The NC-4 Medal was presented to six United States Navy members, and one Coast Guard officer, for flight duties performed in May 1919 while crossing the Atlantic in airplanes of the NC-4 Flying Boat Squadron. The medal was issued as a one time decoration and was never reactivated or awarded again. Thus, the only Navy recipients of the medal were the following personnel:

 

Commander John H. Towers

Lieutenant Commander Albert C. Read

Lieutenant Walter Hinton

Lieutenant James L. Breese

Ensign Herbert C. Rodd

Chief Machinist's Mate Eugene T. Rhoads (not Eugene S. Rhodes; this is a common misspelling. The "T" is for Taylor, and Rhoads' name was even misspelled on the medal!)

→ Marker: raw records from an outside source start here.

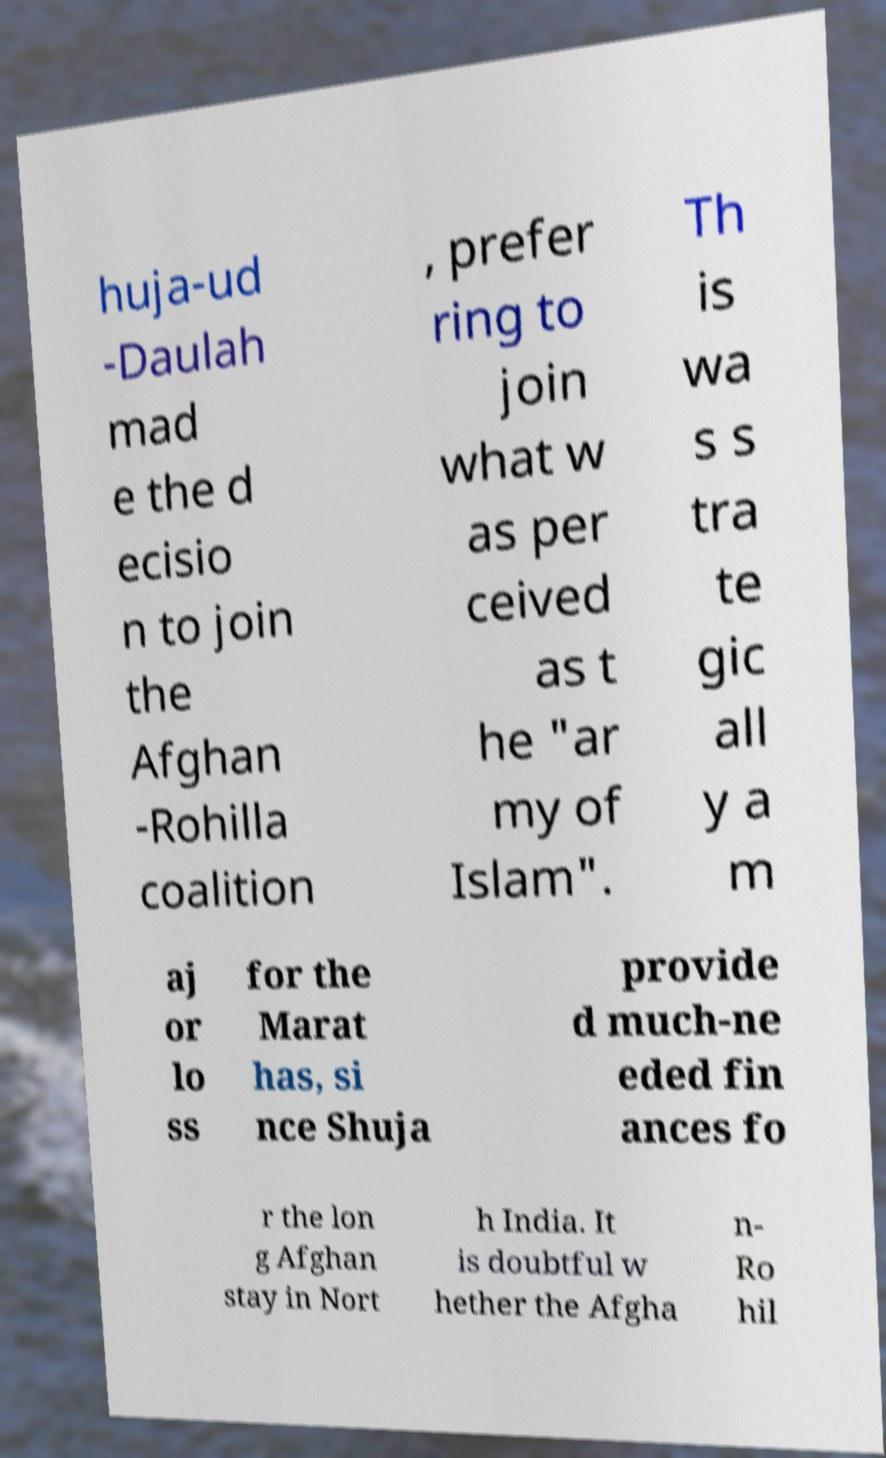I need the written content from this picture converted into text. Can you do that? huja-ud -Daulah mad e the d ecisio n to join the Afghan -Rohilla coalition , prefer ring to join what w as per ceived as t he "ar my of Islam". Th is wa s s tra te gic all y a m aj or lo ss for the Marat has, si nce Shuja provide d much-ne eded fin ances fo r the lon g Afghan stay in Nort h India. It is doubtful w hether the Afgha n- Ro hil 
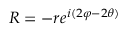<formula> <loc_0><loc_0><loc_500><loc_500>R = - r e ^ { i ( 2 \varphi - 2 \theta ) }</formula> 
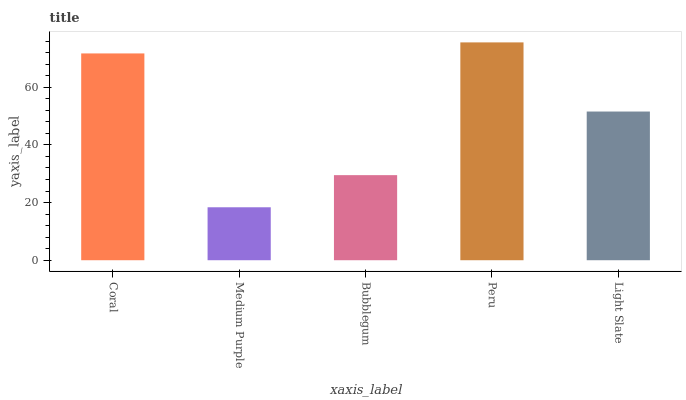Is Medium Purple the minimum?
Answer yes or no. Yes. Is Peru the maximum?
Answer yes or no. Yes. Is Bubblegum the minimum?
Answer yes or no. No. Is Bubblegum the maximum?
Answer yes or no. No. Is Bubblegum greater than Medium Purple?
Answer yes or no. Yes. Is Medium Purple less than Bubblegum?
Answer yes or no. Yes. Is Medium Purple greater than Bubblegum?
Answer yes or no. No. Is Bubblegum less than Medium Purple?
Answer yes or no. No. Is Light Slate the high median?
Answer yes or no. Yes. Is Light Slate the low median?
Answer yes or no. Yes. Is Peru the high median?
Answer yes or no. No. Is Medium Purple the low median?
Answer yes or no. No.

The only Coast Guard recipient of the NC-4 Medal was Lieutenant Elmer Stone.

 

The NC-4 Medal appeared as a gold medallion, suspended from a multi-colored ribbon. Upon the medallion was the image of a seagull, flying above ocean waves, with the words “FIRST TRANSATLANTIC FLIGHT UNITED STATES NAVY MAY 1919” inscribed along the outer edges of the medal. Due to the rarity of the NC-4 Medal, there are no known photographs of the full sized medal being worn on a military uniform. One original NC-4 Medal is maintained by the Navy Historical Center at the Washington Navy Yard in Washington, D.C.. The ribbon for the NC-4 medal was approved for everyday wear on military uniforms and photographic evidence gives indication that the NC-4 medal recipients did display this ribbon while still serving in active military status. There are also some surviving NC-4 ribbons still in existence today, mainly found with the families of the original recipients.

 

After the creation of the NC-4 Medal, the decoration was approved as an official award of the United States Navy. Following the various retirements, deaths, and release from military service of the original recipients, the NC-4 Medal became regarded as a commemorative medal. In the modern United States Navy, the NC-4 Medal is considered obsolete and does not appear on any military award precedence charts.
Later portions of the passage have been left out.